Communiqué de presse du 18 Mai 2009
Coordination contre les méfaits de BAYER

Bayer: des victimes de médicaments demandent des excuses

Des malformations fœtales causées par la préparation à base d’hormones Primodos

Des victimes anglaises de médicaments fabriqués par Schering exigent que la firme s’excuse et leur offre une compensation financière. Dans les années 70 et 80 des enfants sont nés avec de graves malformations dues à un test de grossesse à base d’hormones. Cette préparation vendue dans le monde entier par la firme Schering sous les noms de Duogynon, Cumorit et Primodos a induit des malformations cardiaques, l’absence de certains membres et autres malformations congénitales.

Karl Murphy, de Liverpool, lourdement handicapé depuis sa naissance, a dit à l’Assemblée générale de Bayer Schering: « Ma vie a été détruite par deux simples comprimés. Pourquoi Schering a-t-il laissé le Primodos sur le marché, en dépit de nombreux indices indiquant une augmentation des risques de malformation? J’exige de Bayer, actuel propriétaire de Schering, qu’il reconnaisse la faute qui a été commise. Il est plus que temps de faire un geste en faveur des victimes du Duogynon et du Primodos. »

Valerie Williams, Présidente de l’Association de victimes ASSOCIATION FOR CHILDREN DAMAGED BY HORMONE PREGNANCY TESTS ajoute : « Depuis 40 ans nous sommes témoins des souffrances de nos enfants. Des milliers de parents du monde entier attendent un témoignage honnête de Bayer Schering sur l’affaire Primodos et des excuses. » La firme Schering avait offert à Valerie Williams en 1978, quatre semaines avant la création de l’association, une offre de compensation. Valerie Williams avait décliné l’offre parce qu’elle était assortie d’un engagement à faire silence sur l’affaire.

Dès la fin des années 60 deux conseillers médicaux de la filiale britannique de Schering avaient envoyé un courrier au siège de la firme en Allemagne pour les mettre en garde contre les risques liés au Primodos.
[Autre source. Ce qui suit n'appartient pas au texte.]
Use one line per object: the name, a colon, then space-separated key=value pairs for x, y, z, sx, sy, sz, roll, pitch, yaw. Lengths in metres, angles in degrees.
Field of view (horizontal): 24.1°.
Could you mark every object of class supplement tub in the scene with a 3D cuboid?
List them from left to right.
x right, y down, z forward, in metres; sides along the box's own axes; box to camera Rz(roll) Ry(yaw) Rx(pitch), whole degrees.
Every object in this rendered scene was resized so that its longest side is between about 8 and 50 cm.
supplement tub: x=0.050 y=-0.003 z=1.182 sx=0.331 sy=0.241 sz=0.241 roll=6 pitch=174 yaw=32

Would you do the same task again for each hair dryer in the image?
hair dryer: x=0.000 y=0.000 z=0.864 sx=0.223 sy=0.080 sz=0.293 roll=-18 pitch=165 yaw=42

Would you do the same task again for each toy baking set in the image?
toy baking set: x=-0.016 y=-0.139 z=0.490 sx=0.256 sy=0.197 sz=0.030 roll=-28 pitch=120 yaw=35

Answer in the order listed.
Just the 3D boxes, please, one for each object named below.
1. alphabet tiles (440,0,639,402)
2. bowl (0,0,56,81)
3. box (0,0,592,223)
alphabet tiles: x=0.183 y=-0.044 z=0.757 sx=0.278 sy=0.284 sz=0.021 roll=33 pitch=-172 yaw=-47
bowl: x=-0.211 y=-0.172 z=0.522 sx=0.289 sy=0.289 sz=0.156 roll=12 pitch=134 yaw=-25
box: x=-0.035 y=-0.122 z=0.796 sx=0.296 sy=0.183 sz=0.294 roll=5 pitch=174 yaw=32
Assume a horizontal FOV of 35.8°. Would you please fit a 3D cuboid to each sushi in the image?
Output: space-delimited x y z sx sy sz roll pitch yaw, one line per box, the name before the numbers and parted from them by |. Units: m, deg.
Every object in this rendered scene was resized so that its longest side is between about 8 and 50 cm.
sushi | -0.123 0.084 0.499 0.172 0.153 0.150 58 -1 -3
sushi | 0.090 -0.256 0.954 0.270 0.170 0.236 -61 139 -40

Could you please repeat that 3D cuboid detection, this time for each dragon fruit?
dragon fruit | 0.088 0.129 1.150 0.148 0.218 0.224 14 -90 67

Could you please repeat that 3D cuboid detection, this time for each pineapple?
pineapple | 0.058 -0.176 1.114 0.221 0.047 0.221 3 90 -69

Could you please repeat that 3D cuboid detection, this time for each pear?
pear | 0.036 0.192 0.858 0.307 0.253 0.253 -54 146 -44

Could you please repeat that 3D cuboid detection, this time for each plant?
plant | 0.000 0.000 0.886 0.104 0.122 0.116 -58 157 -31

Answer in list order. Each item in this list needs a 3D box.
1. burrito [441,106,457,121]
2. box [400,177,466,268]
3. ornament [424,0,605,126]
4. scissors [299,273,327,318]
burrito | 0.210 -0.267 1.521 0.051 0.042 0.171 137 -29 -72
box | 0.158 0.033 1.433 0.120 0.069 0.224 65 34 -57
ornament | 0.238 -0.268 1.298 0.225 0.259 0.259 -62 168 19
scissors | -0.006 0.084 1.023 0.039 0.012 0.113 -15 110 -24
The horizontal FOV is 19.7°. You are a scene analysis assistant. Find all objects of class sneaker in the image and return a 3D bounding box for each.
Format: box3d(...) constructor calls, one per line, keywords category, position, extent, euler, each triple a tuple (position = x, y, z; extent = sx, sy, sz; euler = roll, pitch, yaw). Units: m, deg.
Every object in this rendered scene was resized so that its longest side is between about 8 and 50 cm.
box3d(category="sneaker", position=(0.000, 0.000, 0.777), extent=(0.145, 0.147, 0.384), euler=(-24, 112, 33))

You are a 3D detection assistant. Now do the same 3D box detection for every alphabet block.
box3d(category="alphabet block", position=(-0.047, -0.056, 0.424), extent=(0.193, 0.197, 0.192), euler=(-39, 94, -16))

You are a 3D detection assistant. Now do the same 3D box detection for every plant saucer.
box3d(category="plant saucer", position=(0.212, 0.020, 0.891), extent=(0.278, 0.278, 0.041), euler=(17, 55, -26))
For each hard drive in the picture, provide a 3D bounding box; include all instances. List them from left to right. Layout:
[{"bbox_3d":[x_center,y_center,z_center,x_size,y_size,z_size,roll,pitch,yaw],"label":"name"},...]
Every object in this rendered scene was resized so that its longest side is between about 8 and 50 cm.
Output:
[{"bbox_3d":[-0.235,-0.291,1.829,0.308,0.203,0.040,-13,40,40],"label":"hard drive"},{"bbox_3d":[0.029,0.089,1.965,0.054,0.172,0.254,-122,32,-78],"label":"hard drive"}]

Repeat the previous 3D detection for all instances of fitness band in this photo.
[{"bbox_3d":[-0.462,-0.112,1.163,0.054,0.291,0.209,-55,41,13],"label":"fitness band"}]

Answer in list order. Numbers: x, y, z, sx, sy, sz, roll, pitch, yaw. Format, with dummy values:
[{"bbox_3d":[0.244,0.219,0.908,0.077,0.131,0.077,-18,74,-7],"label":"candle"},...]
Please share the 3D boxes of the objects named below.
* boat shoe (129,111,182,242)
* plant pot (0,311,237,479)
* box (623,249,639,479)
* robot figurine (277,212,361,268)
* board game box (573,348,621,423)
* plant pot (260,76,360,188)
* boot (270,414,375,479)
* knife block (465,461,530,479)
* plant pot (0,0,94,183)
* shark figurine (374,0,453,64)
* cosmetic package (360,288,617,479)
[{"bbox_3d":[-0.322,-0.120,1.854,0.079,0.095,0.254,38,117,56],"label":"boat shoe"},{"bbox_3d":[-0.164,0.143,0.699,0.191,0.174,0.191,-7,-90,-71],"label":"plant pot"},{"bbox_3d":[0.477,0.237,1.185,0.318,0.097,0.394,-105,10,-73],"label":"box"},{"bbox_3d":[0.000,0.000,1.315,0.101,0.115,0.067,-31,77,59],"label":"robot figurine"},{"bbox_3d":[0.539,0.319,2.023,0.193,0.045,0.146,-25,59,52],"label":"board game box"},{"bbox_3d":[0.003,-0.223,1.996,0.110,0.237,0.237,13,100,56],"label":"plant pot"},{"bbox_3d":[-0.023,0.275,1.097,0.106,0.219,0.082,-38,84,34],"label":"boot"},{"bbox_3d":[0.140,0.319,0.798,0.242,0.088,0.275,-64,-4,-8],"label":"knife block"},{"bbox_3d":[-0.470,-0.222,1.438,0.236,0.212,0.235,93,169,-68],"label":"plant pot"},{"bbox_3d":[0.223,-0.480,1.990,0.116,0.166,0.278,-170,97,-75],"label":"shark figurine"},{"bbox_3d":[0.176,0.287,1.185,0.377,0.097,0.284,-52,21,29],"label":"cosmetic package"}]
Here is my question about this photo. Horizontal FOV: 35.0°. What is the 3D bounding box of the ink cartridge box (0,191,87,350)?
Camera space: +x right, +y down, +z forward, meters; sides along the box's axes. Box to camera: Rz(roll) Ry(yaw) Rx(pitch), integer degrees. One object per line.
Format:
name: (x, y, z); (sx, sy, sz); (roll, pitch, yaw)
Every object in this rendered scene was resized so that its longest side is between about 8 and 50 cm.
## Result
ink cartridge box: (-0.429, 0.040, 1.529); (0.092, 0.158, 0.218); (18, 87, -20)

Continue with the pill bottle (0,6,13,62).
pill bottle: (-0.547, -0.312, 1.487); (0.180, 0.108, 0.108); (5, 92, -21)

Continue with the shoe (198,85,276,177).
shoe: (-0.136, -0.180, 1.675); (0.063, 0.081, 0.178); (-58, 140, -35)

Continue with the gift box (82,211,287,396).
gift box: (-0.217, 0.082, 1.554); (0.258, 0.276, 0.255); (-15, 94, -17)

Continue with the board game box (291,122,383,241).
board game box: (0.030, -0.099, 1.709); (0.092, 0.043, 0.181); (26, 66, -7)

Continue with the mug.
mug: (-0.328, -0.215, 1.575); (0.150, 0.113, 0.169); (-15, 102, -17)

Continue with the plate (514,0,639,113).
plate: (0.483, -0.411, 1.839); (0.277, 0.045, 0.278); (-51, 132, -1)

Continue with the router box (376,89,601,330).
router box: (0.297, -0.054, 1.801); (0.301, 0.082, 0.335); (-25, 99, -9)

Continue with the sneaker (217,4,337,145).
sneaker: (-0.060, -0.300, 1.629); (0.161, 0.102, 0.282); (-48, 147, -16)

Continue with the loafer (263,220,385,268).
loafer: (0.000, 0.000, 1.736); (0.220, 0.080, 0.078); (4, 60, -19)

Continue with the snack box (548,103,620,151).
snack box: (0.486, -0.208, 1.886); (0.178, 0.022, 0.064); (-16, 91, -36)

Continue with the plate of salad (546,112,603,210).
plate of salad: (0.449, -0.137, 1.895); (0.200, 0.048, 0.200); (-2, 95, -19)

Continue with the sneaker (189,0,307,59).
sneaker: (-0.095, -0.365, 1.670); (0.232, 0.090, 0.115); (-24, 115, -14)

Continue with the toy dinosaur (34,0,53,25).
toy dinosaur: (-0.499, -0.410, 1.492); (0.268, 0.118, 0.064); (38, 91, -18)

Cette lettre, publiée par le Sunday Times, contient mot pour mot les phrases suivantes : « Il faut absolument trouver une solution au problème d’une corrélation éventuelle entre le Primodos et les malformations congénitales. Notre devoir moral, en tant que fabricant, est de faire notre possible pour garantir l’innocuité de nos produits.» Mais l’entreprise attendit pourtant 1981 pour en interdire la vente en Allemagne.
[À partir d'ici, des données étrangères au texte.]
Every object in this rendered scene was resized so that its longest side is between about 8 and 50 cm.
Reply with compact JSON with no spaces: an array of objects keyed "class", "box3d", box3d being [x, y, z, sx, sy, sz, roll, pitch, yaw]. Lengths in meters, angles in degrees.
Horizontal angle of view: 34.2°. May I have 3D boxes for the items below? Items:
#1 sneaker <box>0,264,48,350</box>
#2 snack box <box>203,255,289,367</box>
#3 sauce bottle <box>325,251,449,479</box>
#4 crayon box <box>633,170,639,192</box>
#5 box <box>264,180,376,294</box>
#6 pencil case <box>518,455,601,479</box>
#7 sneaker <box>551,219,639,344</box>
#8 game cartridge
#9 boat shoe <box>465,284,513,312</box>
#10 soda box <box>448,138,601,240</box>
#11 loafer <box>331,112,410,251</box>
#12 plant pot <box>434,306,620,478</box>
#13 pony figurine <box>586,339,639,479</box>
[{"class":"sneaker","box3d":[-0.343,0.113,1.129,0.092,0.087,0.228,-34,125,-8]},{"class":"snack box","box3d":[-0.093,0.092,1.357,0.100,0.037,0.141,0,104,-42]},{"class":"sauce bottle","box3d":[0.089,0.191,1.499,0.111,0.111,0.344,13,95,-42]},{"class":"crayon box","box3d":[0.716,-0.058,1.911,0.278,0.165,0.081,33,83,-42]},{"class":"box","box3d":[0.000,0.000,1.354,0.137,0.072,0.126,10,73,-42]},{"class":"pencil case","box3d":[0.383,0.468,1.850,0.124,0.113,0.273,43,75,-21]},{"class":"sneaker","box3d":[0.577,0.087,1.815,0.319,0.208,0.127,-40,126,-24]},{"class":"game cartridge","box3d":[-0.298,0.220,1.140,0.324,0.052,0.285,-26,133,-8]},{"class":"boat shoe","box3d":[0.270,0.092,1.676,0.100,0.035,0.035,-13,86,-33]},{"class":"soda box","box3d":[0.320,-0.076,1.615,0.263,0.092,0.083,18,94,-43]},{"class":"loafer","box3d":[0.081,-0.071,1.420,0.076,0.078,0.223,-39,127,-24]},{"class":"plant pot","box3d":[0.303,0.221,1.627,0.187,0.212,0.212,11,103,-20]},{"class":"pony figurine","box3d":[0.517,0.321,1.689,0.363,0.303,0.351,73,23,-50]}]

Le docteur Isabel Gal avait constaté dès 1967 que les mères d’enfants malformés avaient utilisé des tests de grossesse surdosés en hormones par rapport à la moyenne. Une étude du ROYAL COLLEGE OF GENERAL PRACTITIONERS montra en 1969 que les tests à base d’hormones augmentaient la probabilité d’avortements spontanés. Le directeur de l’étude recommanda d’interrompre immédiatement la fabrication de tests de ce type. La firme française Roussel, qui en fabriquait, en arrêta la production dès la même année. Schering, elle, laissa le produit sur le marché et n’envoya aucune mise en garde aux médecins, qui continuèrent donc à prescrire ces tests pendant des années – alors que des tests urinaires ne comportant aucun risque, étaient depuis longtemps sur le marché.

La firme Schering, premier producteur mondial de contraceptifs, a été rachetée par Bayer en 2006. Le Duogynon-Primodos contenait des hormones présentes en petite quantité dans des pilules contraceptives toujours vendues de nos jours.

Valerie Williams, de Londres, et Karl Murphy, de Liverpool, se sont rendus en Allemagne à l’invitation de la Coordination contre les méfaits de Bayer. 4000 actionnaires et le PDG de la firme étaient présents à l’Assemblée générale.